- Directed by: Mark L. Lester
- Written by: C. Courtney Joyner
- Produced by: Donn Aron; Martin J. Barab; Joseph DePompeii; Dana Dubovsky; Peter Jay Klauser; Mark L. Lester; Judd Nelson; Art Okun; Ric Gallaher;
- Starring: Judd Nelson
- Cinematography: Ken Blakey
- Edited by: Donn Aron
- Music by: Dana Kaproff
- Distributed by: Canon Films Corp.
- Release date: 2003;
- Running time: 87 min.
- Country: United States
- Language: English

= White Rush =

White Rush is a 2003 film directed by Mark L. Lester and starring Judd Nelson.
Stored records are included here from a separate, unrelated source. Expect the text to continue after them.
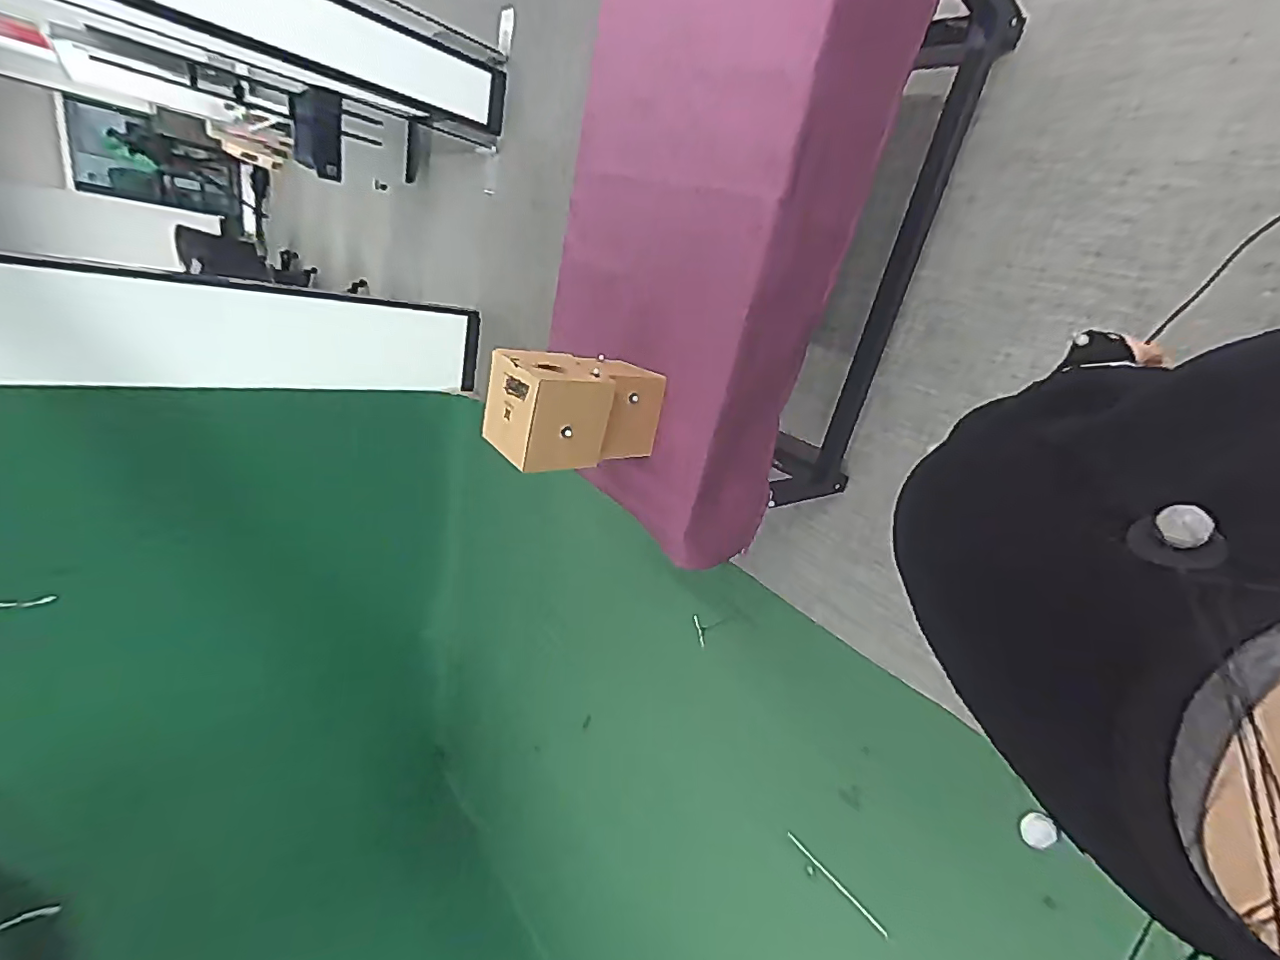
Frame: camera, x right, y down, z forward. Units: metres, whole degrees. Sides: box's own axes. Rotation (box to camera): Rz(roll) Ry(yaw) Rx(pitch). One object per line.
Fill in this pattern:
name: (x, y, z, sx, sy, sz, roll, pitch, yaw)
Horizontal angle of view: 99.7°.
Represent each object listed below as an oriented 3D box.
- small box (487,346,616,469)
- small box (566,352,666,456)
small box: (-0.167, -0.141, 1.029, 0.168, 0.176, 0.179, 37, 122, 39)
small box: (-0.066, -0.164, 1.159, 0.168, 0.176, 0.179, 31, 117, 41)

The plot concerns a group of young tourist couples who come across a drug deal gone bad.

==Premise==
A group of young tourist couples comes across a drug deal gone bad while on vacation.

==Cast==
- Judd Nelson as Brian Nathanson
- Tricia Helfer as Eva
- Sandra Vidal as Solange
- Deborah Zoe as Arlene Gelb
- Taylor Sheridan as Tug, Douglas
- Santino Ramos as Gang Member
- Louis Mandylor as Chick

==Production==
Filming took place in Salt Lake City, Utah.